Segment Open

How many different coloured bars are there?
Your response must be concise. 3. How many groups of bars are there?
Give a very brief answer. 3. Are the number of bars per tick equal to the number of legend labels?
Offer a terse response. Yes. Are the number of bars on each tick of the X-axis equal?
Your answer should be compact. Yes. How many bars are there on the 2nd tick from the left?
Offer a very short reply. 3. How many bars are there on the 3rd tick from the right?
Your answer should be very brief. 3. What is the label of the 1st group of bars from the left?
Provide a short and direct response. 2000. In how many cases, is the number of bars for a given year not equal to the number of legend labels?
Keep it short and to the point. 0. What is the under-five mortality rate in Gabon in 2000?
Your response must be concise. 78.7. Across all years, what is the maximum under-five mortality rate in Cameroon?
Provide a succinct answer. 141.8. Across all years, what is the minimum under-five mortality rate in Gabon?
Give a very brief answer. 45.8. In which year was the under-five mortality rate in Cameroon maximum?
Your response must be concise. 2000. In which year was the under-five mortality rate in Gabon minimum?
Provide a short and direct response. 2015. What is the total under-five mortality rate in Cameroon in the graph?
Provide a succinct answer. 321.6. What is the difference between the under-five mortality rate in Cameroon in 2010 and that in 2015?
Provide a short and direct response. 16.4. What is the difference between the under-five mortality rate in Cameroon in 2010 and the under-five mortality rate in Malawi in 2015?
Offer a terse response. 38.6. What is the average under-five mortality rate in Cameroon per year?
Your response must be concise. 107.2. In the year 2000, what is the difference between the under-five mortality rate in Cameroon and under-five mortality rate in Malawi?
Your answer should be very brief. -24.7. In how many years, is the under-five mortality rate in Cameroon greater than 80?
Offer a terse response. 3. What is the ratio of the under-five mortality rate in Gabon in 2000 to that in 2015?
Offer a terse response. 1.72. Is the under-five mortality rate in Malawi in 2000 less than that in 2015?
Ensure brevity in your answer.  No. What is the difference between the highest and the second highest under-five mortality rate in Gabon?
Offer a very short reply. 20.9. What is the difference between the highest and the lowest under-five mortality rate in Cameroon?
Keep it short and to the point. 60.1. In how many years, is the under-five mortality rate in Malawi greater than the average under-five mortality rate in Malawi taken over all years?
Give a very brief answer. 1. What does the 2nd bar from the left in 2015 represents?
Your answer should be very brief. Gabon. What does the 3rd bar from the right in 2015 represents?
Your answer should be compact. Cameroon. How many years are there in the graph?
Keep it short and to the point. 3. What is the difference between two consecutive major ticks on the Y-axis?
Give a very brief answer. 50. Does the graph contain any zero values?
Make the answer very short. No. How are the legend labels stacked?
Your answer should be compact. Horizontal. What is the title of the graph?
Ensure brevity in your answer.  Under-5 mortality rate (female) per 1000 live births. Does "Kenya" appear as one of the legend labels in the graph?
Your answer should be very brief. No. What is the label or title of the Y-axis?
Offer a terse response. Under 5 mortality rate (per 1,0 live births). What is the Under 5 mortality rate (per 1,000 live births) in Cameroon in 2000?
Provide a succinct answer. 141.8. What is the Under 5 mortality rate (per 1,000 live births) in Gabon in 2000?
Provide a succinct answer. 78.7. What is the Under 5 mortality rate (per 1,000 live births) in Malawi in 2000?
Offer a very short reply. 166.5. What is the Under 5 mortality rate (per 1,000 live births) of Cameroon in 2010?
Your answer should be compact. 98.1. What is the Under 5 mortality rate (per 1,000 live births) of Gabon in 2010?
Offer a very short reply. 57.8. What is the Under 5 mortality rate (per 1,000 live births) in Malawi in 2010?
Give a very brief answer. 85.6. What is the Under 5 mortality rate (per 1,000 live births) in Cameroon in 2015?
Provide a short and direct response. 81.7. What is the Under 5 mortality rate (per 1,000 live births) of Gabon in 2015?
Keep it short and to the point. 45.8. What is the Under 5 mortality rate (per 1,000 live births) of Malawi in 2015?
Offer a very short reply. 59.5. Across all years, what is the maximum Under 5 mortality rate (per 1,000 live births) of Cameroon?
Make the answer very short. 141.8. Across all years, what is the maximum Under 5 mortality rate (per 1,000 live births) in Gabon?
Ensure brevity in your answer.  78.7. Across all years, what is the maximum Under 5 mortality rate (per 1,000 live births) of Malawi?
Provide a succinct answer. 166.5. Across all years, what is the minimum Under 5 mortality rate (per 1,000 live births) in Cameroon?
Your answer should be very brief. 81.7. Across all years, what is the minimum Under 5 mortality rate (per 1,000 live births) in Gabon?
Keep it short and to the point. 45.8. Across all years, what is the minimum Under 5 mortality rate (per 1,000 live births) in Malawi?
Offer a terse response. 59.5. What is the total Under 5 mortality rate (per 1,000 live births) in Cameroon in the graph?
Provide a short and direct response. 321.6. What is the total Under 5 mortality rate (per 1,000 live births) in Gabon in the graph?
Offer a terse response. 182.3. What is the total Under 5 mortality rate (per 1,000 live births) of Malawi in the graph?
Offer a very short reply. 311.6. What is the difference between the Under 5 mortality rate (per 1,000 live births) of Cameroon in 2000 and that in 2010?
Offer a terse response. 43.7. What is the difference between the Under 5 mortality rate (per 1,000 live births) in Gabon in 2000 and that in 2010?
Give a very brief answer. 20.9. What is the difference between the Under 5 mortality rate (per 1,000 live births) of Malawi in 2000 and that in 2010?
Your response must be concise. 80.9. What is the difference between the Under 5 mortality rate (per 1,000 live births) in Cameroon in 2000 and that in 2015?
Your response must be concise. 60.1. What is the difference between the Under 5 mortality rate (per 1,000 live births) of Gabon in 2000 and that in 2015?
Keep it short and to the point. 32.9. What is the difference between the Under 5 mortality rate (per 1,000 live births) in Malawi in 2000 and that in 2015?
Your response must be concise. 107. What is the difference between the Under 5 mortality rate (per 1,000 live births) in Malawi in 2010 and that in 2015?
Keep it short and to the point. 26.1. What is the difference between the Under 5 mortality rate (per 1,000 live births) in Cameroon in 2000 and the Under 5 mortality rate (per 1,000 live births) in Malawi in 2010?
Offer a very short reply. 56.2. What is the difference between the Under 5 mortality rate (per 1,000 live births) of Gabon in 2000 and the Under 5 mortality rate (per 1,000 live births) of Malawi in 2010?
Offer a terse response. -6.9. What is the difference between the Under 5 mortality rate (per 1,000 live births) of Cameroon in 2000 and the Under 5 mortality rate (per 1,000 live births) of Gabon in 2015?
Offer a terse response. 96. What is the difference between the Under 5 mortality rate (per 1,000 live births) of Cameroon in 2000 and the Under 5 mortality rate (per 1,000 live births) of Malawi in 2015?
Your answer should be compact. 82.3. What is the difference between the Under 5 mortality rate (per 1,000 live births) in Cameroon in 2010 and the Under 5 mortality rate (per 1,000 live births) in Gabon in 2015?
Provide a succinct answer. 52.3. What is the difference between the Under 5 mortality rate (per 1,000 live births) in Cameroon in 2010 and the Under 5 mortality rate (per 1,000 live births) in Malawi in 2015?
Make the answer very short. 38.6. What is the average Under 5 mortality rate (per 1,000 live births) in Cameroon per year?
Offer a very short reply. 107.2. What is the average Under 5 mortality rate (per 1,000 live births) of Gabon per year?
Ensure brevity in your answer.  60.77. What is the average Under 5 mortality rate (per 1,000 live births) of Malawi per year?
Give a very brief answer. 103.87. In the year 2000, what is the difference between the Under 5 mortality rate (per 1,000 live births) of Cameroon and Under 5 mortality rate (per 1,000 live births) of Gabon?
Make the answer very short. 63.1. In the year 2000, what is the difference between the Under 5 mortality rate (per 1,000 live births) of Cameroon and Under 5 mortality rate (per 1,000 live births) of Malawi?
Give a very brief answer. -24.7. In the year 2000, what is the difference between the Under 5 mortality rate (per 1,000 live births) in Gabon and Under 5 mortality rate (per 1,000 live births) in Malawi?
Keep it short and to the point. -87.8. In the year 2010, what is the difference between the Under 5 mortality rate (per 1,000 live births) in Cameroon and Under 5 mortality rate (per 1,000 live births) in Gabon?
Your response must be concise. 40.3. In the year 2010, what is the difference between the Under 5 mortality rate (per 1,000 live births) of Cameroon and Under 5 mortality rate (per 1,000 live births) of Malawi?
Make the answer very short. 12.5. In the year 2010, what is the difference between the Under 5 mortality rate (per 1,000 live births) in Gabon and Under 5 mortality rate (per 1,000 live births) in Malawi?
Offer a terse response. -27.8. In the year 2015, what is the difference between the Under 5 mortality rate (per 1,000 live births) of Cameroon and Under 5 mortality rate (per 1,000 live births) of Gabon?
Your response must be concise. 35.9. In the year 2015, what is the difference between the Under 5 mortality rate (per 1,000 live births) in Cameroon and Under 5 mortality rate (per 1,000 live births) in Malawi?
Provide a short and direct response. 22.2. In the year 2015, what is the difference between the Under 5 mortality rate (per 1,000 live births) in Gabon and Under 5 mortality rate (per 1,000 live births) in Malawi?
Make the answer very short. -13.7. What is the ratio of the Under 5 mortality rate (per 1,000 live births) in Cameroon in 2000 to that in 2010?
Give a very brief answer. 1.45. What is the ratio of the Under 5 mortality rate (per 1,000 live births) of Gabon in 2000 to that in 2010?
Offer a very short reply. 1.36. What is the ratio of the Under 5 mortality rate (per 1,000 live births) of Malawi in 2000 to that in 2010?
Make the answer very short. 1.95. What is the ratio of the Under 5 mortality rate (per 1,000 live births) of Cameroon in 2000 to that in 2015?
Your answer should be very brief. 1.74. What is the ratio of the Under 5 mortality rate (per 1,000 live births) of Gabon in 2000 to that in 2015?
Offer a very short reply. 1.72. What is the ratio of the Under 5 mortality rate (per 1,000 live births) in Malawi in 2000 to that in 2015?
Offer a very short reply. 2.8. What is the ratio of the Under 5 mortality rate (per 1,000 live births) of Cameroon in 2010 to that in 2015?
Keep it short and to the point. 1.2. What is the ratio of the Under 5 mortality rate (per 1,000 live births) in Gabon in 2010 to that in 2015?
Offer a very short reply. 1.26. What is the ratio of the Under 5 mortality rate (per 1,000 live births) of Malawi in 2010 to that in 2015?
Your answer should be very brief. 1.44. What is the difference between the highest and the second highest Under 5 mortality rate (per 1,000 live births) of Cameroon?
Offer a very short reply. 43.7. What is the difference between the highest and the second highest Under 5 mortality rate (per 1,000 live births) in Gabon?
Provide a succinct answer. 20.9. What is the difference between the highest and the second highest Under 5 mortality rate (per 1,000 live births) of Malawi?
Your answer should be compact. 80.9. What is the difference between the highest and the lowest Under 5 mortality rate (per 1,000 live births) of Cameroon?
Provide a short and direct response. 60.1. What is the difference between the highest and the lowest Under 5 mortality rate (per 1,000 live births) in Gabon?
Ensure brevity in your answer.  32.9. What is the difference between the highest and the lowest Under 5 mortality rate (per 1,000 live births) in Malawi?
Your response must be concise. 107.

Segment Closed

How to complete this task. Every line above that includes the word "number" should be listed.

Result below.
Give a very brief answer. 3. Are the number of bars per tick equal to the number of legend labels?
Offer a terse response. Yes. Are the number of bars on each tick of the X-axis equal?
Provide a short and direct response. 2000. In how many cases, is the number of bars for a given year not equal to the number of legend labels?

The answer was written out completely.